2.5. Il concorso anomalo di C.F. nel delitto di omicidio sarebbe stato erroneamente escluso, poiché dalle riprese filmiche emergerebbe l’autonomia dell’azione del predetto imputato rispetto a quella del figlio, soprattutto nel momento dello scontro finale tra C.D. e il G., essendo C.F. , in quel frangente, impegnato a fronteggiare gli altri due giovani, e risultando del tutto indimostrata l’affermazione che sarebbe stato il padre ad armare il figlio con l’asta metallica che colpì mortalmente la vittima. Al contrario, C.D. prelevò autonomamente dal furgone la predetta sbarra e non fu mai incitato o istigato dal padre all’azione, il quale conseguentemente non poteva prevedere il tragico epilogo dello scontro nell’unica fase che vide più attivo il figlio, fino a quel punto dimostratosi meno aggressivo e in posizione più defilata rispetto al genitore.
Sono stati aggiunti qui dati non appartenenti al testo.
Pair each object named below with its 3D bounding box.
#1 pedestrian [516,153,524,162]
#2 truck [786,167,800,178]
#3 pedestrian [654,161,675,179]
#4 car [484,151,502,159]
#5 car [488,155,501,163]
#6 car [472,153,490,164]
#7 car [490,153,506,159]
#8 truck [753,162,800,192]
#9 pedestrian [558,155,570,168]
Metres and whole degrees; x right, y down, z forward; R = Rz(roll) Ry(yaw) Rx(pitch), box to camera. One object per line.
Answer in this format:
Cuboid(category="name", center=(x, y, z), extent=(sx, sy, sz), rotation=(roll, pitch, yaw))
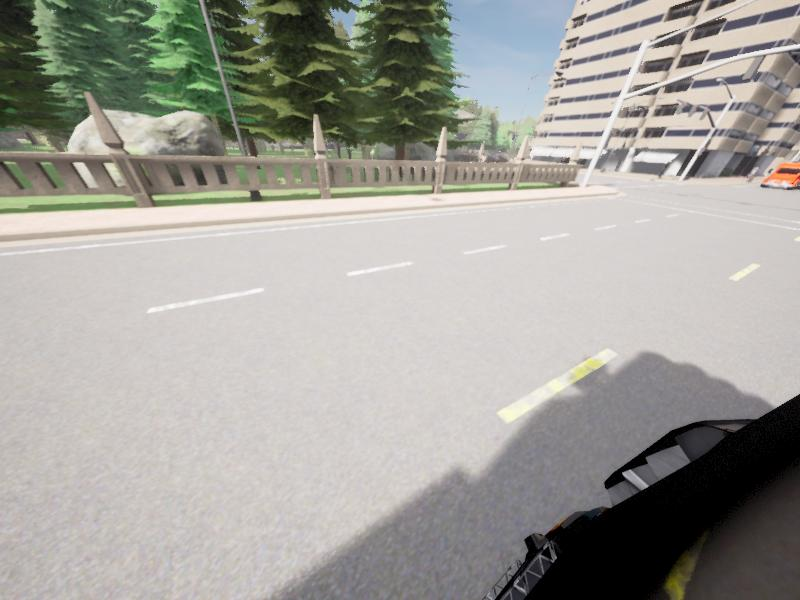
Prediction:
Cuboid(category="pedestrian", center=(27.809, -33.057, 53.577), extent=(0.751, 1.860, 0.751), rotation=(-2, 34, -7))
Cuboid(category="truck", center=(97.276, -29.870, 54.356), extent=(6.274, 2.098, 2.390), rotation=(12, 36, 13))
Cuboid(category="pedestrian", center=(32.022, -15.783, 27.986), extent=(0.751, 1.860, 0.751), rotation=(-11, 36, -20))
Cuboid(category="car", center=(30.535, -47.503, 75.611), extent=(5.566, 2.045, 2.150), rotation=(-17, 39, -27))
Cuboid(category="car", center=(20.603, -30.882, 50.520), extent=(1.994, 1.385, 4.181), rotation=(8, 34, 8))
Cuboid(category="car", center=(16.373, -28.797, 46.794), extent=(2.242, 1.667, 4.611), rotation=(4, 34, 2))
Cuboid(category="car", center=(30.748, -45.008, 72.429), extent=(4.674, 1.442, 1.812), rotation=(-18, 39, -29))
Cuboid(category="truck", center=(42.399, -13.495, 25.215), extent=(5.204, 2.467, 2.627), rotation=(-14, 37, -24))
Cuboid(category="pedestrian", center=(27.345, -23.074, 38.564), extent=(0.751, 1.860, 0.751), rotation=(-2, 34, -8))
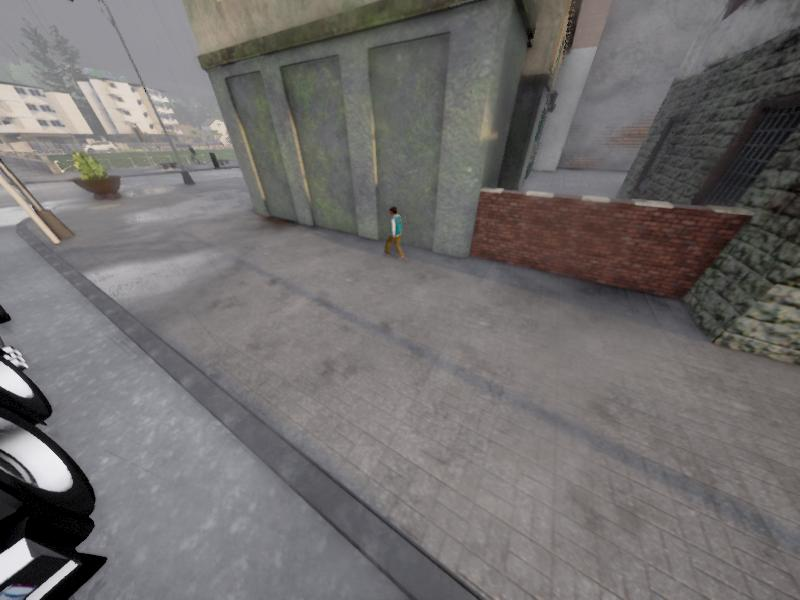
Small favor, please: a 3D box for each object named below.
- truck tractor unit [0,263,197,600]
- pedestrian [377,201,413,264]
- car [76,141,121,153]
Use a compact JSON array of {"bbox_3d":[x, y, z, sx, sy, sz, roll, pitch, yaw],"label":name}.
[{"bbox_3d":[-5.115,-0.294,0.792,6.516,4.208,3.053,18,39,24],"label":"truck tractor unit"},{"bbox_3d":[-0.095,-1.409,4.826,0.500,1.100,0.500,24,42,31],"label":"pedestrian"},{"bbox_3d":[-68.649,-34.937,52.739,2.150,2.045,5.566,18,39,24],"label":"car"}]
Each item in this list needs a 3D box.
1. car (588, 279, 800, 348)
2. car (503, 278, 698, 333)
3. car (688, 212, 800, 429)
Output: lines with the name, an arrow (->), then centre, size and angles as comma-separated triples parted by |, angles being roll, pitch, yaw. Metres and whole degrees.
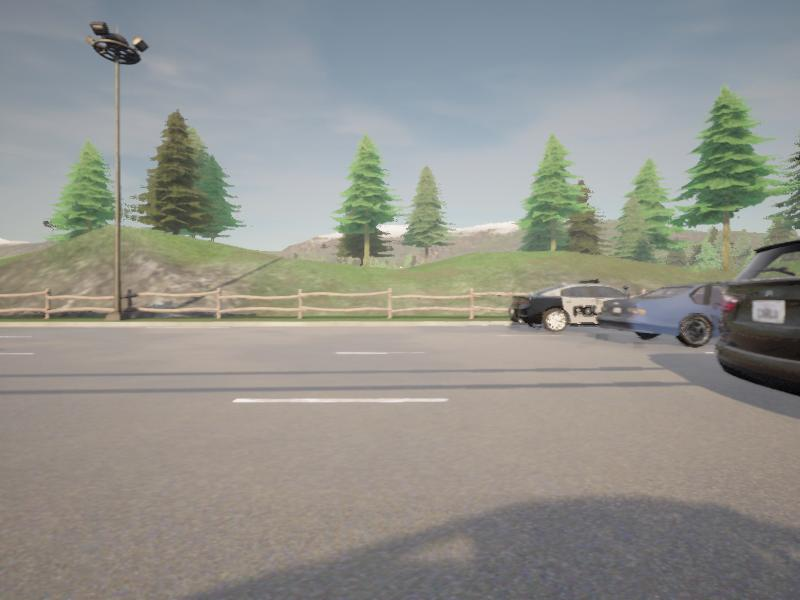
car -> 7.487, 0.283, 9.194 | 5.357, 1.411, 2.033 | 0, 0, 0
car -> 6.132, 0.162, 12.699 | 5.238, 1.638, 1.930 | 0, 0, 0
car -> 5.429, 0.150, 3.145 | 4.611, 1.667, 2.242 | 0, 0, 11
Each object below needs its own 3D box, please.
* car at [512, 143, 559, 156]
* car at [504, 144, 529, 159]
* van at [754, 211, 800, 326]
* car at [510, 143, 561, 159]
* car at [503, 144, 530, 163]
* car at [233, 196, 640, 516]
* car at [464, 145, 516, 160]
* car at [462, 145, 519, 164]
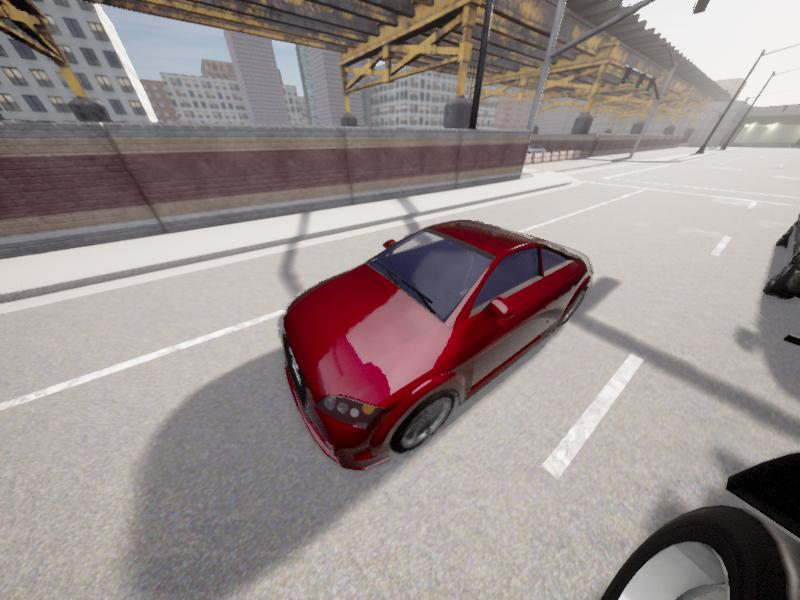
[{"bbox_3d":[16.675,-18.677,28.618,4.536,1.218,1.853,-4,35,-5],"label":"car"},{"bbox_3d":[12.800,-16.552,25.626,1.853,1.218,4.536,11,37,15],"label":"car"},{"bbox_3d":[8.601,-1.385,3.633,5.915,2.561,1.988,-22,41,-28],"label":"van"},{"bbox_3d":[16.727,-18.552,28.714,4.974,1.542,2.038,-4,35,-5],"label":"car"},{"bbox_3d":[12.784,-16.394,25.676,2.038,1.542,4.974,11,37,15],"label":"car"},{"bbox_3d":[0.679,-0.152,2.936,4.181,1.385,1.994,-22,41,-28],"label":"car"},{"bbox_3d":[8.964,-14.989,23.430,4.536,1.218,1.853,5,36,7],"label":"car"},{"bbox_3d":[9.016,-14.857,23.515,4.974,1.542,2.038,5,36,7],"label":"car"}]
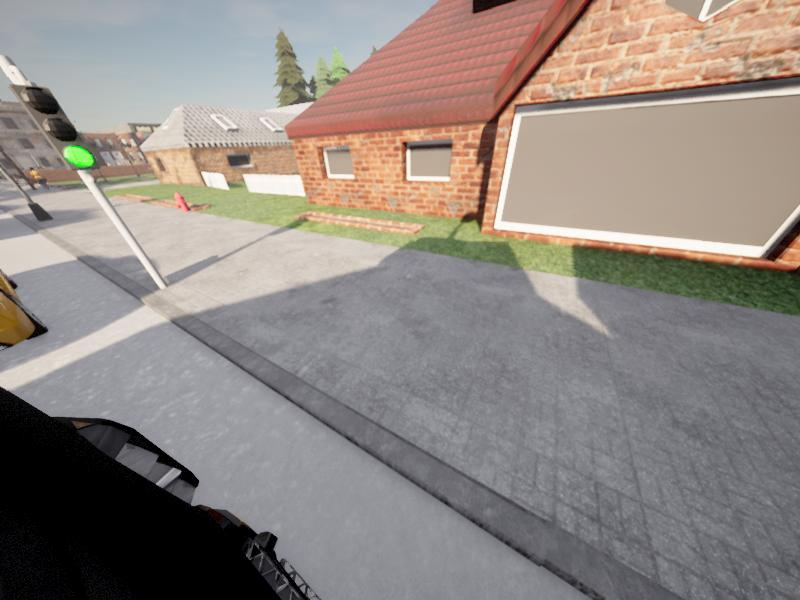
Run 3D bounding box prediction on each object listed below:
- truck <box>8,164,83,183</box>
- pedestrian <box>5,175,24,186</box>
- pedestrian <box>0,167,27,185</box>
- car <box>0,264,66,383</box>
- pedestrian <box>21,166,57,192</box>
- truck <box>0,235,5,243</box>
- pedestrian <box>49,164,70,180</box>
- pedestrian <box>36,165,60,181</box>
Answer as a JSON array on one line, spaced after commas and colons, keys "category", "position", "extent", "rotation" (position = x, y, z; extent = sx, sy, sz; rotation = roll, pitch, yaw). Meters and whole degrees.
[{"category": "truck", "position": [-57.557, -20.766, 37.732], "extent": [2.390, 2.098, 6.274], "rotation": [16, 38, 26]}, {"category": "pedestrian", "position": [-43.748, -13.566, 26.191], "extent": [0.500, 1.100, 0.500], "rotation": [5, 34, 12]}, {"category": "pedestrian", "position": [-46.421, -14.868, 27.653], "extent": [0.751, 1.860, 0.751], "rotation": [-14, 35, -16]}, {"category": "car", "position": [-7.191, -0.057, 3.130], "extent": [5.008, 1.535, 1.882], "rotation": [16, 38, 26]}, {"category": "pedestrian", "position": [-30.805, -10.340, 19.744], "extent": [0.751, 1.860, 0.751], "rotation": [13, 37, 22]}, {"category": "truck", "position": [-16.787, -3.045, 7.801], "extent": [6.274, 2.098, 2.390], "rotation": [16, 38, 26]}, {"category": "pedestrian", "position": [-48.301, -18.197, 32.798], "extent": [0.751, 1.860, 0.751], "rotation": [-28, 41, -33]}, {"category": "pedestrian", "position": [-47.745, -17.234, 31.313], "extent": [0.751, 1.860, 0.751], "rotation": [4, 34, 11]}]
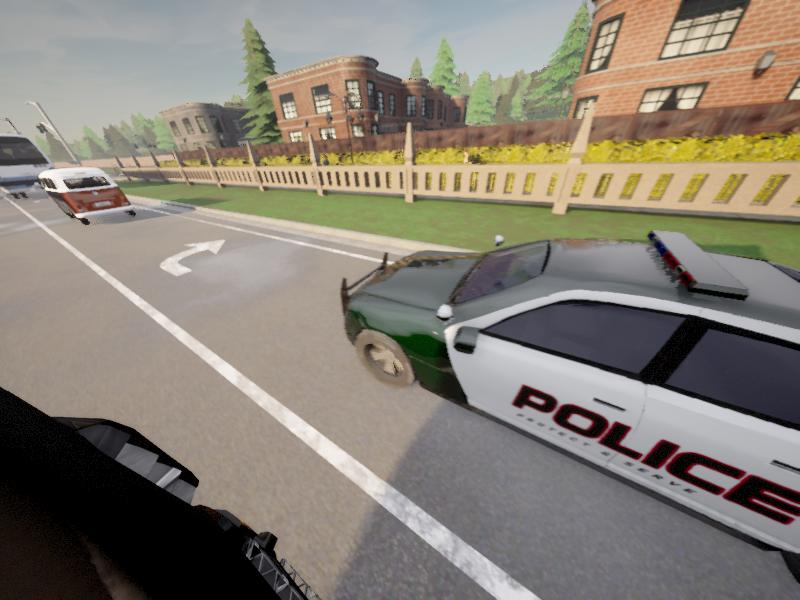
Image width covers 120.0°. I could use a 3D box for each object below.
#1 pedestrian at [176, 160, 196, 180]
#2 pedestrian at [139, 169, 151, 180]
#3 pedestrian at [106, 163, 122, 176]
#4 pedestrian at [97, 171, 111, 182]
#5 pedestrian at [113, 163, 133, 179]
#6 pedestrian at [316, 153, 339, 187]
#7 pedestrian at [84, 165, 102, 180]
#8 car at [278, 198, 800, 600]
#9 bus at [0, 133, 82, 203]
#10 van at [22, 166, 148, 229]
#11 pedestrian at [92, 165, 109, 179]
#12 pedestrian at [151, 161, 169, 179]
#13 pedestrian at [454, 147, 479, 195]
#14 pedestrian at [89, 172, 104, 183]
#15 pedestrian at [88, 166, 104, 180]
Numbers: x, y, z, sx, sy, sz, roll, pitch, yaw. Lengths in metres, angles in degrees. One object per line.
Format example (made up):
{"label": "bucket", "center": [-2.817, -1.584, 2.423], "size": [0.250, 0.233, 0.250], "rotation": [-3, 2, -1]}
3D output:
{"label": "pedestrian", "center": [-23.053, -14.018, 24.920], "size": [0.751, 1.860, 0.751], "rotation": [19, 39, 29]}
{"label": "pedestrian", "center": [-31.812, -15.678, 28.808], "size": [0.500, 1.100, 0.500], "rotation": [15, 38, 26]}
{"label": "pedestrian", "center": [-49.447, -22.634, 40.007], "size": [0.751, 1.860, 0.751], "rotation": [9, 35, 18]}
{"label": "pedestrian", "center": [-35.866, -14.919, 27.988], "size": [0.500, 1.100, 0.500], "rotation": [20, 40, 31]}
{"label": "pedestrian", "center": [-38.267, -17.888, 31.965], "size": [0.751, 1.860, 0.751], "rotation": [1, 34, 5]}
{"label": "pedestrian", "center": [-4.670, -8.417, 15.015], "size": [0.751, 1.860, 0.751], "rotation": [17, 38, 27]}
{"label": "pedestrian", "center": [-47.475, -19.705, 35.713], "size": [0.751, 1.860, 0.751], "rotation": [19, 39, 29]}
{"label": "car", "center": [1.562, 0.223, 2.125], "size": [4.974, 1.542, 2.038], "rotation": [17, 38, 27]}
{"label": "bus", "center": [-33.213, -11.376, 19.907], "size": [10.273, 4.253, 3.944], "rotation": [17, 38, 27]}
{"label": "van", "center": [-14.193, -4.773, 10.442], "size": [4.480, 2.038, 2.069], "rotation": [17, 38, 27]}
{"label": "pedestrian", "center": [-46.822, -19.997, 36.130], "size": [0.751, 1.860, 0.751], "rotation": [17, 38, 27]}
{"label": "pedestrian", "center": [-30.049, -16.301, 28.918], "size": [0.751, 1.860, 0.751], "rotation": [19, 40, 30]}
{"label": "pedestrian", "center": [3.034, -5.909, 10.622], "size": [0.751, 1.860, 0.751], "rotation": [16, 38, 26]}
{"label": "pedestrian", "center": [-36.300, -14.653, 27.622], "size": [0.500, 1.100, 0.500], "rotation": [6, 35, 13]}
{"label": "pedestrian", "center": [-49.218, -20.571, 37.366], "size": [0.751, 1.860, 0.751], "rotation": [24, 42, 35]}
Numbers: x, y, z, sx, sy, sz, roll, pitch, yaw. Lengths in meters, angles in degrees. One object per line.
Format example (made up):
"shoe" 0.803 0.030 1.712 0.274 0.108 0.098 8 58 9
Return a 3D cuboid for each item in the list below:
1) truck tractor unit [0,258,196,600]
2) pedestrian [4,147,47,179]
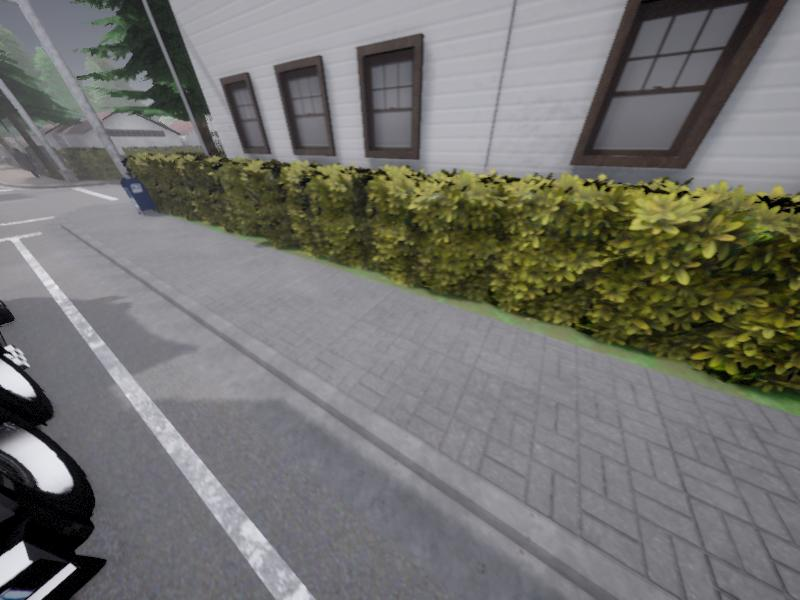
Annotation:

2.6. La Corte di merito non avrebbe giustificato l’omesso giudizio di prevalenza delle circostanze attenuanti generiche riconosciute a C.D. sulla contestata aggravante dei futili motivi e sulla recidiva specifica, considerato l’unico precedente penale dell’imputato, il suo collaborativo comportamento processuale come tale riconosciuto nella stessa sentenza, e il significativo sforzo risarcitorio compiuto nei confronti delle persone offese, destinatane della somma di Euro 100.000 a seguito della vendita dell’immobile di proprietà degli imputati.

Considerato in diritto

Premesso che la sentenza impugnata effettivamente contiene, come rilevato dai ricorrenti, due pagine pertinenti alla motivazione di diversa decisione, numerate come 21 bis e 22, senza che tale evidente errore materiale di collazione incida sulla completezza del discorso motivazionale attinente al presente processo, il ricorso deve ritenersi fondato nei limiti della ritenuta sussistenza della circostanza aggravante dei futili motivi e del conseguente trattamento sanzionatorio; nel resto va, invece, respinto.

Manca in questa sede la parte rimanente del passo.